What can PAUP* not do?

Despite its completeness, there are a few things that PAUP* cannot do for you at the present time:

Typographical conventions

In this and subsequent web pages, I will try to stick to the following typographical conventions:

PAUP* tips

PAUP* is not finished at this point. For the most part, this is not a problem since you can purchase and use it just like a finished product. The primary drawback of PAUP*'s unfinished status is that there is currently not a complete manual for the program. On the PAUP* Download Page you can find a PDF command summary and "Quick Start" tutorial; however, much of the explanatory portion of the manual is not present in any form.

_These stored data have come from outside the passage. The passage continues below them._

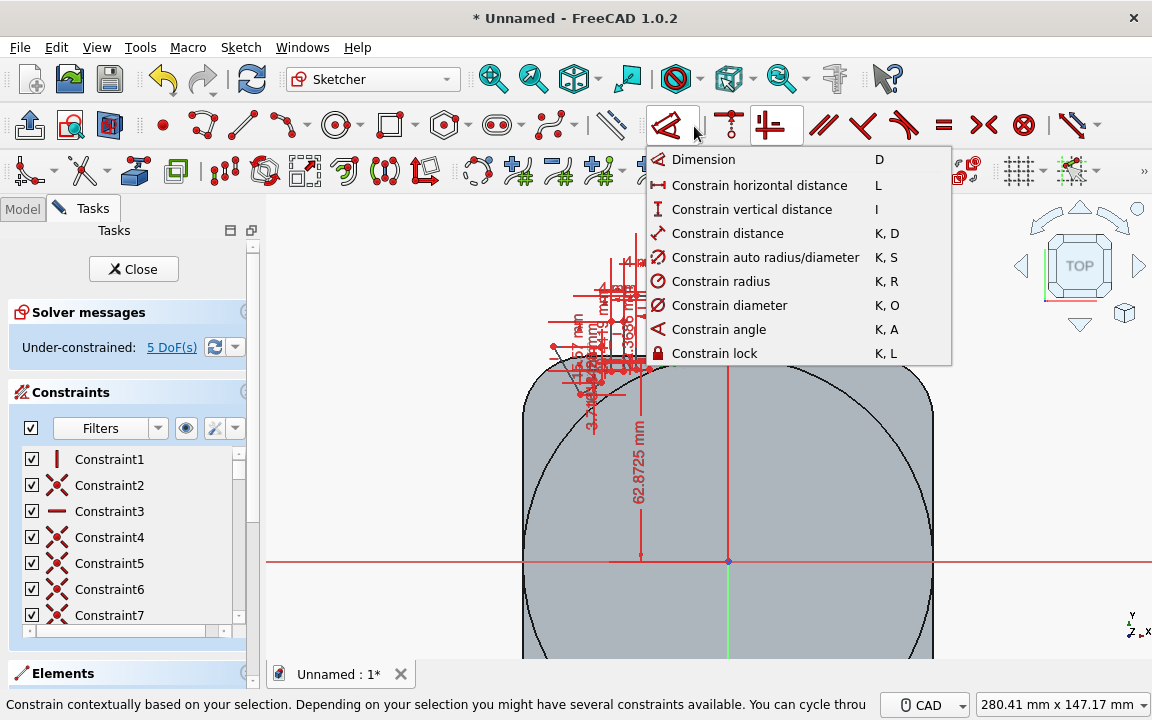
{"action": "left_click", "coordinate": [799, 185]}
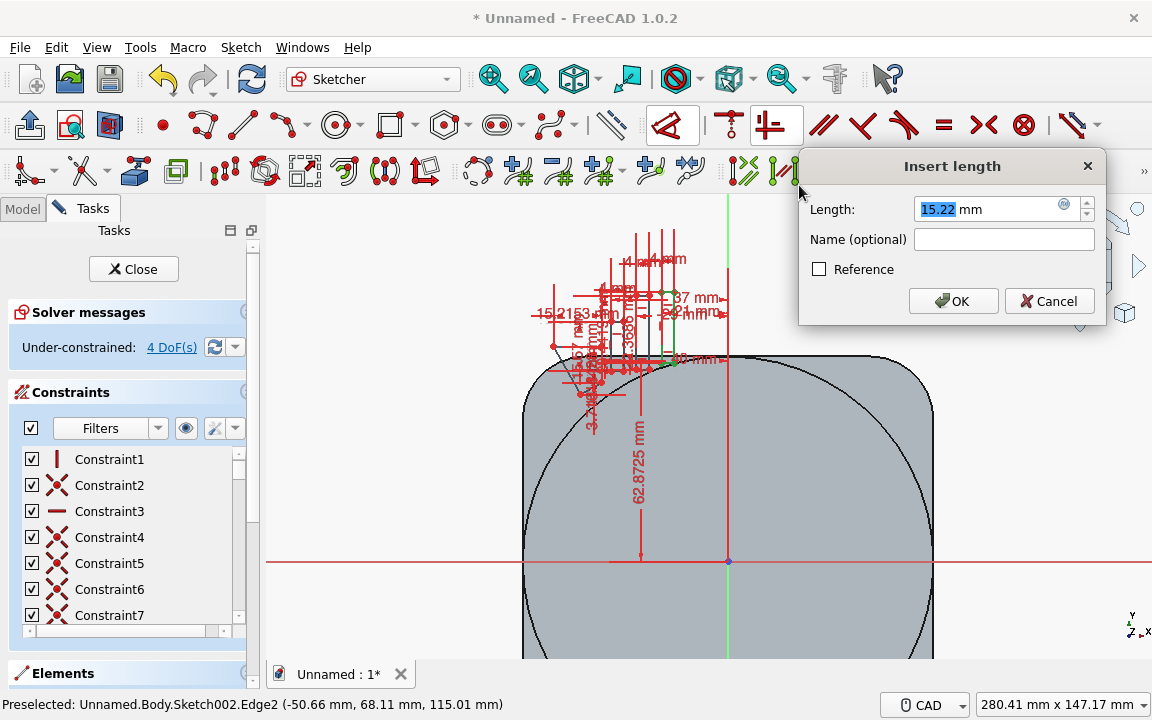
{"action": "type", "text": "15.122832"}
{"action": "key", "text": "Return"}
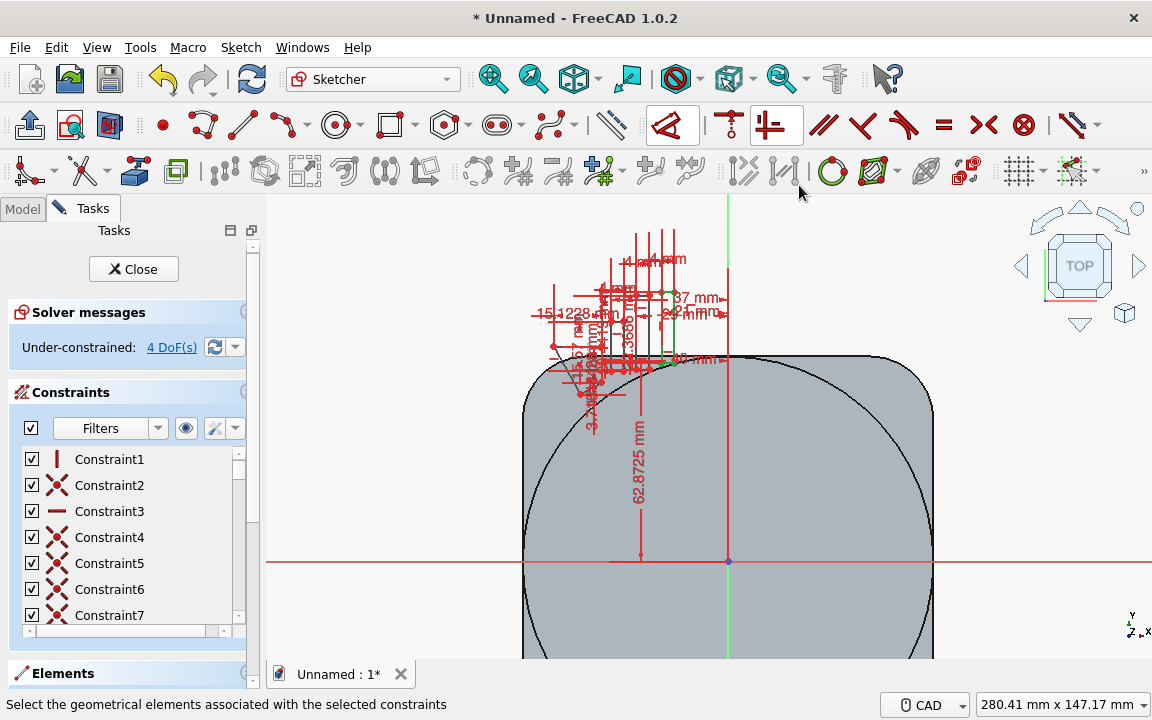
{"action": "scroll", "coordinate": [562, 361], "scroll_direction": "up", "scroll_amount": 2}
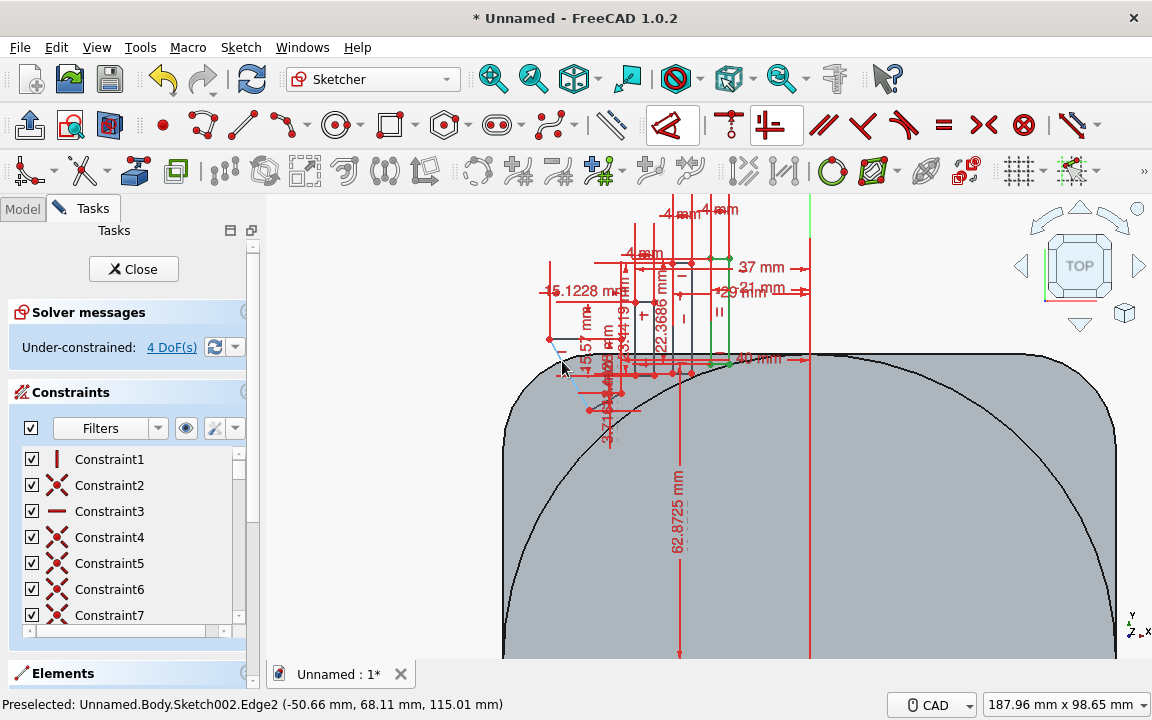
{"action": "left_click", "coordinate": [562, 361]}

There are easy ways to obtain information from the program itself, however. Some of the tips listed below are concerned with getting the program to tell you what commands and command options are available.

Here are some tips to keep in mind while you use PAUP*. This list is not comprehensive; these are just some things that are not immediately apparent but which make your life easier once you know about them.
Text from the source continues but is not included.